#### TASK TO COMPLETE
Look through the data below, and copy each line that carries the word "probe".

Records from a data collection:
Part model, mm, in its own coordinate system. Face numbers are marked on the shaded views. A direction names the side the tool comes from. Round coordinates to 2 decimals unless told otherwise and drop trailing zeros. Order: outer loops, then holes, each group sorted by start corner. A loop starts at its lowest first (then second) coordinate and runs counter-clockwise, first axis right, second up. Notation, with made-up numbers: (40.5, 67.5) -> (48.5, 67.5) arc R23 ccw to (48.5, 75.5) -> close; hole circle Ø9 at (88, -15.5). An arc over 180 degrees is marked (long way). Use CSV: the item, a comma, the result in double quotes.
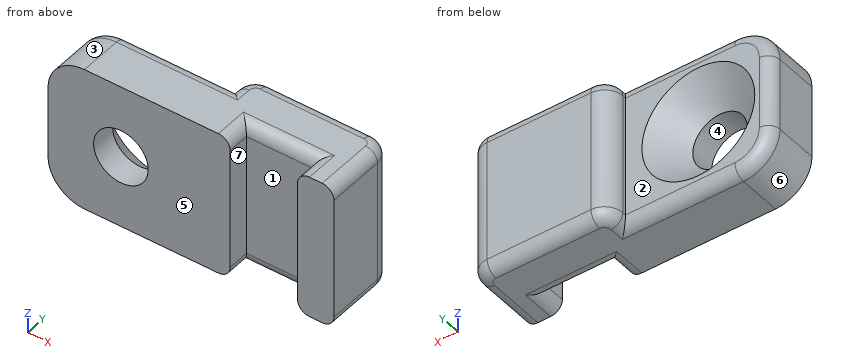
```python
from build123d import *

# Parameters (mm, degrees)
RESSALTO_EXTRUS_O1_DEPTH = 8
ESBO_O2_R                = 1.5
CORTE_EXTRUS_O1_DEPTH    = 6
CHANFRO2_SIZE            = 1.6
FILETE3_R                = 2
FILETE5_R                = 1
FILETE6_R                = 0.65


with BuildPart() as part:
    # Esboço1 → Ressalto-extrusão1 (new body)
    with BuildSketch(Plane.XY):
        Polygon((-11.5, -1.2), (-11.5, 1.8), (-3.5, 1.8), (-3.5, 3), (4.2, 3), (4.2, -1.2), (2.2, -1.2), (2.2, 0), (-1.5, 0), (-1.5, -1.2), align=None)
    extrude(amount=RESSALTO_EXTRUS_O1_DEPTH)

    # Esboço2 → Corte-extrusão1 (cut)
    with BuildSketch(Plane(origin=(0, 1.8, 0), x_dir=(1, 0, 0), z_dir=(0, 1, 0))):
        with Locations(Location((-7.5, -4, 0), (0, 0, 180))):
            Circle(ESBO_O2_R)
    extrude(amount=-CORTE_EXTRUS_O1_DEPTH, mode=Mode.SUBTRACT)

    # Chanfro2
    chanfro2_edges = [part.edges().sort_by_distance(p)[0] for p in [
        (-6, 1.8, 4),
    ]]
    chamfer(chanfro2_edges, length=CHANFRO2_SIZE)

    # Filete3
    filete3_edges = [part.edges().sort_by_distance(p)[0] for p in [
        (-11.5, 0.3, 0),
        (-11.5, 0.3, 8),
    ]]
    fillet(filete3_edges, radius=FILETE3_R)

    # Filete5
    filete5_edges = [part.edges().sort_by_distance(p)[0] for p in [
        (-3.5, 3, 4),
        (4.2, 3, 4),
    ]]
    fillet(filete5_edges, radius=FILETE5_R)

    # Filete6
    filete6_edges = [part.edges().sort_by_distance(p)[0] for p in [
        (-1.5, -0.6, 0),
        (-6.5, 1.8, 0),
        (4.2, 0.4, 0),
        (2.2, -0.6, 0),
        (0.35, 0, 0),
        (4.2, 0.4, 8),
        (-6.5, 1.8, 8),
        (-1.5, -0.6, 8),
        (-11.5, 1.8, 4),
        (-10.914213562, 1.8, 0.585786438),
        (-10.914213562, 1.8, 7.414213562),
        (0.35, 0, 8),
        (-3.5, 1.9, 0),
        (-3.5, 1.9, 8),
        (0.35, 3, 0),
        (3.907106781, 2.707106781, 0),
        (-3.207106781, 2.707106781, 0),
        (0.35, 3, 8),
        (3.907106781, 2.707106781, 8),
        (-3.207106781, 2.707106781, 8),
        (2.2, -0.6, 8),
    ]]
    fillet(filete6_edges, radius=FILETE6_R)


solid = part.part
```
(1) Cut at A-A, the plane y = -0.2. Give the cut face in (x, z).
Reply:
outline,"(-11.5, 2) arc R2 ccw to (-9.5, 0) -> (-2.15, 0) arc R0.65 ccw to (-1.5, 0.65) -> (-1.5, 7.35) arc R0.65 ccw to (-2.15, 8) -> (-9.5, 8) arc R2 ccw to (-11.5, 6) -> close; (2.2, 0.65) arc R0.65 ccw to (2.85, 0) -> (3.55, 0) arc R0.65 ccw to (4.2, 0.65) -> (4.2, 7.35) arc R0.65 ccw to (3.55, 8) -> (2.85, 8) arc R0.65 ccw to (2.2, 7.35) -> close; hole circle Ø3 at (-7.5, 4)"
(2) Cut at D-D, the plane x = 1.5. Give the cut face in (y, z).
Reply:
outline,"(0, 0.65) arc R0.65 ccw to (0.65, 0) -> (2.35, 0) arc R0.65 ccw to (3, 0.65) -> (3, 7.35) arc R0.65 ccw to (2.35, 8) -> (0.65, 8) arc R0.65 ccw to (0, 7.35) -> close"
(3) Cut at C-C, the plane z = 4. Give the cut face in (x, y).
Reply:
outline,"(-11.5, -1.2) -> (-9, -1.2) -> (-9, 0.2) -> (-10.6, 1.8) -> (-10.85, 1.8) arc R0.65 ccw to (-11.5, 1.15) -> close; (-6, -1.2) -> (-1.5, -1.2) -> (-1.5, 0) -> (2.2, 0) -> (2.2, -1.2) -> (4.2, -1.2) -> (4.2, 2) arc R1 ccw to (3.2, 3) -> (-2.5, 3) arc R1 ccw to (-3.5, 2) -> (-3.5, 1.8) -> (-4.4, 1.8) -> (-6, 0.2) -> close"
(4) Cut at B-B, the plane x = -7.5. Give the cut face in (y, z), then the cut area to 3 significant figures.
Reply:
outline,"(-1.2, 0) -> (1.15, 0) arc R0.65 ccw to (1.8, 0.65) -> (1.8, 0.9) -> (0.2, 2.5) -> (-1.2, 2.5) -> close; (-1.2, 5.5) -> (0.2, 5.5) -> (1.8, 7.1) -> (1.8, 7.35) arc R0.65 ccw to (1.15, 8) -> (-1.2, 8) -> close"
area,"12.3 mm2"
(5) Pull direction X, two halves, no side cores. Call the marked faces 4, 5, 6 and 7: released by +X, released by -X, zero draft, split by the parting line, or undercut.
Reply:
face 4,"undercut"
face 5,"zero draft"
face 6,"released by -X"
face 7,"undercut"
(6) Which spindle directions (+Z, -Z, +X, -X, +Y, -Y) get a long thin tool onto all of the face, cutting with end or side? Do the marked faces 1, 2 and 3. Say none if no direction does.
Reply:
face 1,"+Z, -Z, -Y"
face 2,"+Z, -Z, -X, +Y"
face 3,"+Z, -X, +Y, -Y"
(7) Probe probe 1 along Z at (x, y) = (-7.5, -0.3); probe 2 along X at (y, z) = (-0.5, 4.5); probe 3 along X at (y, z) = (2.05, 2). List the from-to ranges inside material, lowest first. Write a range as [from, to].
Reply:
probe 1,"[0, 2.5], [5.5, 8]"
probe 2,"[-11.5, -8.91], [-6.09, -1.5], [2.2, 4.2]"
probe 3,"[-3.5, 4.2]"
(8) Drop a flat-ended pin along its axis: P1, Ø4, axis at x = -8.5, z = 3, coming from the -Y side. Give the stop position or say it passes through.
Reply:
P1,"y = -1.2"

#### FINAL ANSWER
(7) Probe probe 1 along Z at (x, y) = (-7.5, -0.3); probe 2 along X at (y, z) = (-0.5, 4.5); probe 3 along X at (y, z) = (2.05, 2). List the from-to ranges inside material, lowest first. Write a range as [from, to].
probe 1,"[0, 2.5], [5.5, 8]"
probe 2,"[-11.5, -8.91], [-6.09, -1.5], [2.2, 4.2]"
probe 3,"[-3.5, 4.2]"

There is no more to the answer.